For context, the Eucharistic prayer is important.  The Words of Institution alone are not missing anything and constitute the consecration formula that we Lutherans insist upon -- Christ's word doing what Christ has appointed that word to do.  But the Eucharistic prayer, which is not the consecration, provides a setting for and a context in which these words are set.  Even the rather ordinary Eucharistic prayers within LSB tell us what is happening, how to receive what is being offered, what this communion upon Christ's body and blood deliver, and what this communion witnesses and proclaims to the whole of the people of God and those even outside the Church.  It is not overly elaborate and orthodox to every jot and tittle though I think it is not quite as elegant and eloquent as some that have been offered or used in the history of the Church.  Yet it is something made more urgent because so many of our people do not have this context in their hearts and minds and too many of our people hear these words in isolation -- as if they were only symbolic or were a sort of incantation to get a desired result.  
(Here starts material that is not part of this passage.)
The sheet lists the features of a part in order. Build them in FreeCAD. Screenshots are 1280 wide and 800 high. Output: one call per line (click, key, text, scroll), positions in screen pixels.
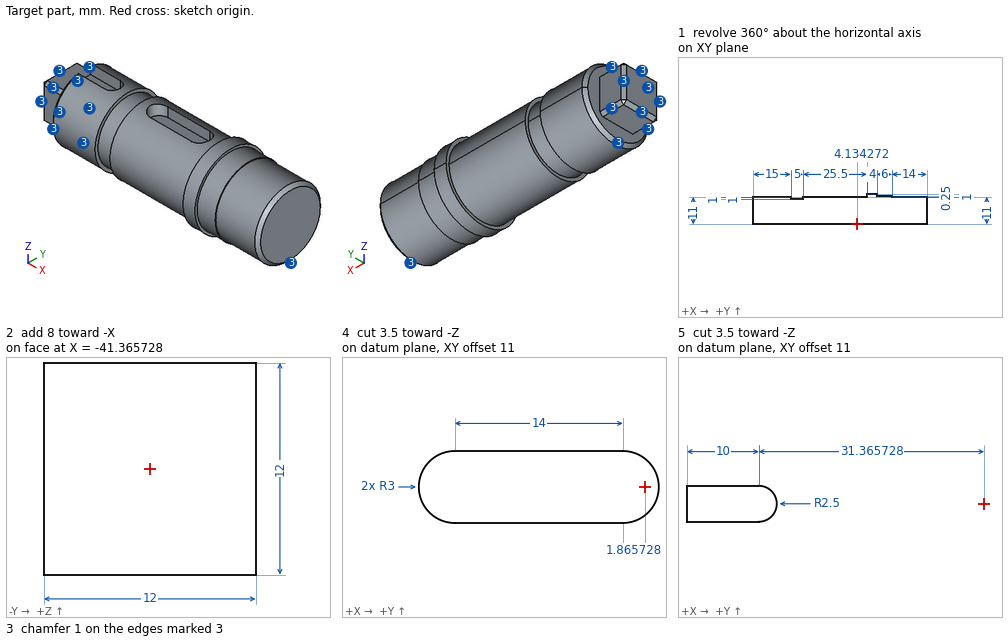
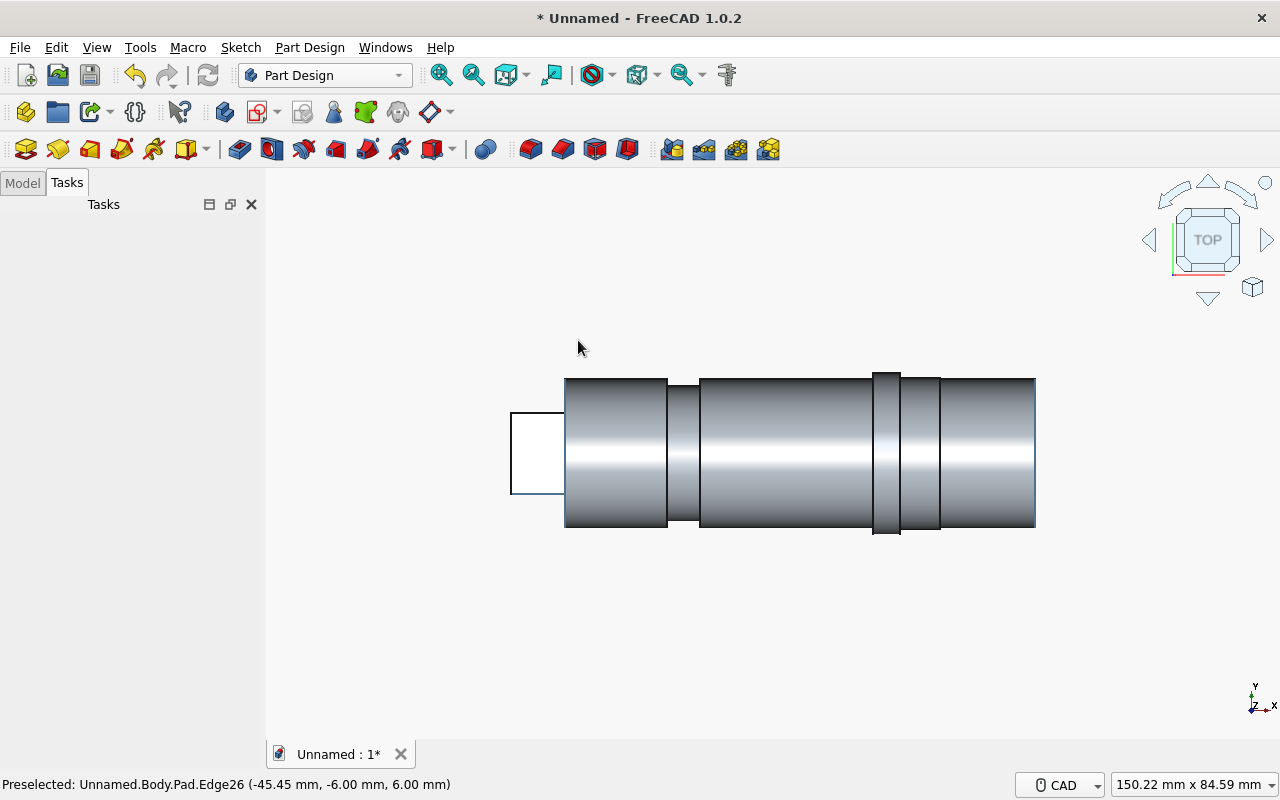
click(538, 412, ctrl)

Even more than this misunderstanding, I fear our people do not yet have a Eucharistic piety the way our liturgy and confessions presume.  These actual words may not be Lutheran but the content is -- the Eucharist is both source and summit of our lives of faith, our piety, and our vocation.  We are not really a people with a Word piety alone but a means of grace piety.  Word and Sacrament is how God comes to us and in this the Eucharistic prayer is even more important as our people's Biblical literacy wanes.   We got into trouble in a time when Biblical literacy was greater than today but the Sacrament of our Lord's Body and Blood became a little add on from time to time -- not often because that would keep it from being special and not necessary at all to the faithful.  Part of the the urgency now for a Eucharistic prayer is to locate the Sacrament within Christ's atoning work, encourage a hunger for what the Lord has given, and equip us to get past our penchant for localized doctrine about what the Sacrament is and confess it as we pray it.

The old saw about a Eucharistic prayer confusing people about what consecrates or about the distinction between prayer and proclamation (an untenable one) or the fears of sacrifice replacing sacrament is past its expiration date.  In an age of online communion and feelings that replace trust in Christ working through the means of grace, the Eucharistic prayer helps us locate Christ's work and His gifts within exactly the right context.

3 comments:

Anonymous said...

Lutherans substituted the catechetical Exhortation to serve the purpose of instruction before communion. I’m not sure a eucharistic prayer is intended for the same function. A prayer of thanksgiving is perfectly fine, but does not properly belong to the institution of the Sacrament.

Rev. Joel A. Brondos said...

A Treatise on the New Testament, that is The Holy Mass

“Therefore we must separate the mass clearly and distinctly from the prayers and ceremonies which have been added to it by the holy fathers. We must keep these two as far apart as heaven and earth, so that the mass may remain nothing else than the testament and sacrament comprehended in the words of Christ."

Luther’s Works Vol. 35:97

Mabel said...

One good reason for Bible literacy is that you can then ace the Biblical questions (or rather, "answers") on JEOPARDY. I can smugly come out ahead of my husband when they have this category. His parents gave up on forcing him and his siblings to attend Sunday school and catechism classes.